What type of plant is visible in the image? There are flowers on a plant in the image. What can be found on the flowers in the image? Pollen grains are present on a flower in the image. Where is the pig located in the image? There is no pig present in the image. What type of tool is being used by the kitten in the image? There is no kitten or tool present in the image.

---

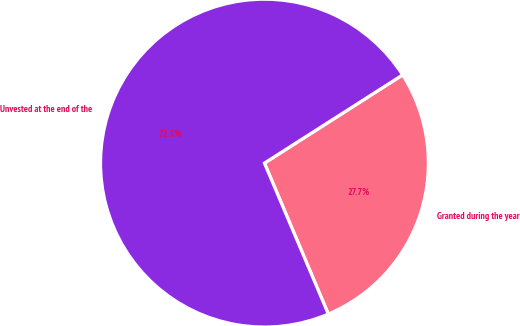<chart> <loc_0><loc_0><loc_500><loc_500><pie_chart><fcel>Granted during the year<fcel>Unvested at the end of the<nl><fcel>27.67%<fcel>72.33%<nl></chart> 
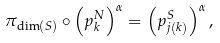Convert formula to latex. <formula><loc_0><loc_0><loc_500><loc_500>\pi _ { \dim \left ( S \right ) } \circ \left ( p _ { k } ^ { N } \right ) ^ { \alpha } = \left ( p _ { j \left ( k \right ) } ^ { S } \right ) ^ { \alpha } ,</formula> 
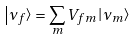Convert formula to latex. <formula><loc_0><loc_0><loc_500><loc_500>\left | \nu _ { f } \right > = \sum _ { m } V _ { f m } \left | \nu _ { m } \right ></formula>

--

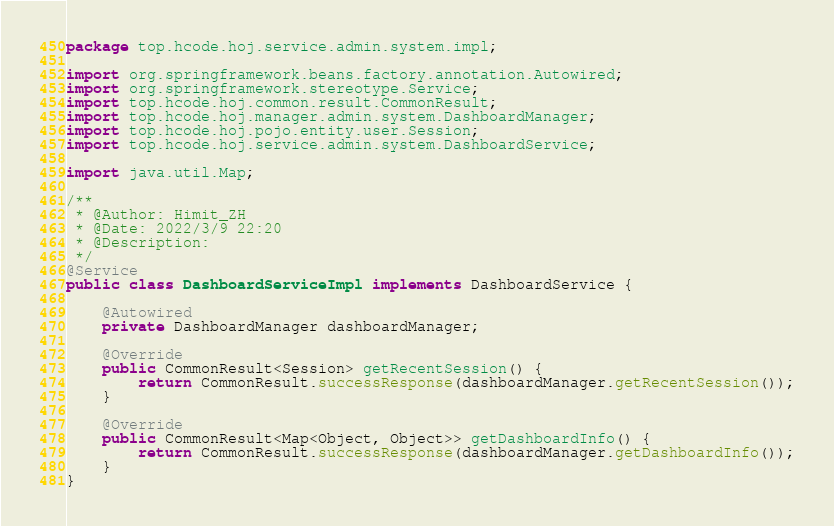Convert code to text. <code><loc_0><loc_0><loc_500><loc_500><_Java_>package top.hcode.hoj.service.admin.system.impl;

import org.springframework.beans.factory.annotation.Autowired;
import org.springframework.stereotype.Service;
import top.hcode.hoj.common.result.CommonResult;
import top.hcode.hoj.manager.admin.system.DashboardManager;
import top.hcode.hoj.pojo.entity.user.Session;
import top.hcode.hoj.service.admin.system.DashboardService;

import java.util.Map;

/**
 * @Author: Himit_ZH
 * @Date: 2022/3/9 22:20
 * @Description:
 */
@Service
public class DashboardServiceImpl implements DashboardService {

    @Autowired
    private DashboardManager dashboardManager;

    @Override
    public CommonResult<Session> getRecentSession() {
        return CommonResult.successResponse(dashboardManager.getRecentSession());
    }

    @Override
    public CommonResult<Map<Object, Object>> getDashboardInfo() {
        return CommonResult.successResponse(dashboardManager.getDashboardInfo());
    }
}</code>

> [TASK TO COMPLETE]: Every line of the listing that includes "springframework" must be shown.

> [WRITTEN ANSWER]:
import org.springframework.beans.factory.annotation.Autowired;
import org.springframework.stereotype.Service;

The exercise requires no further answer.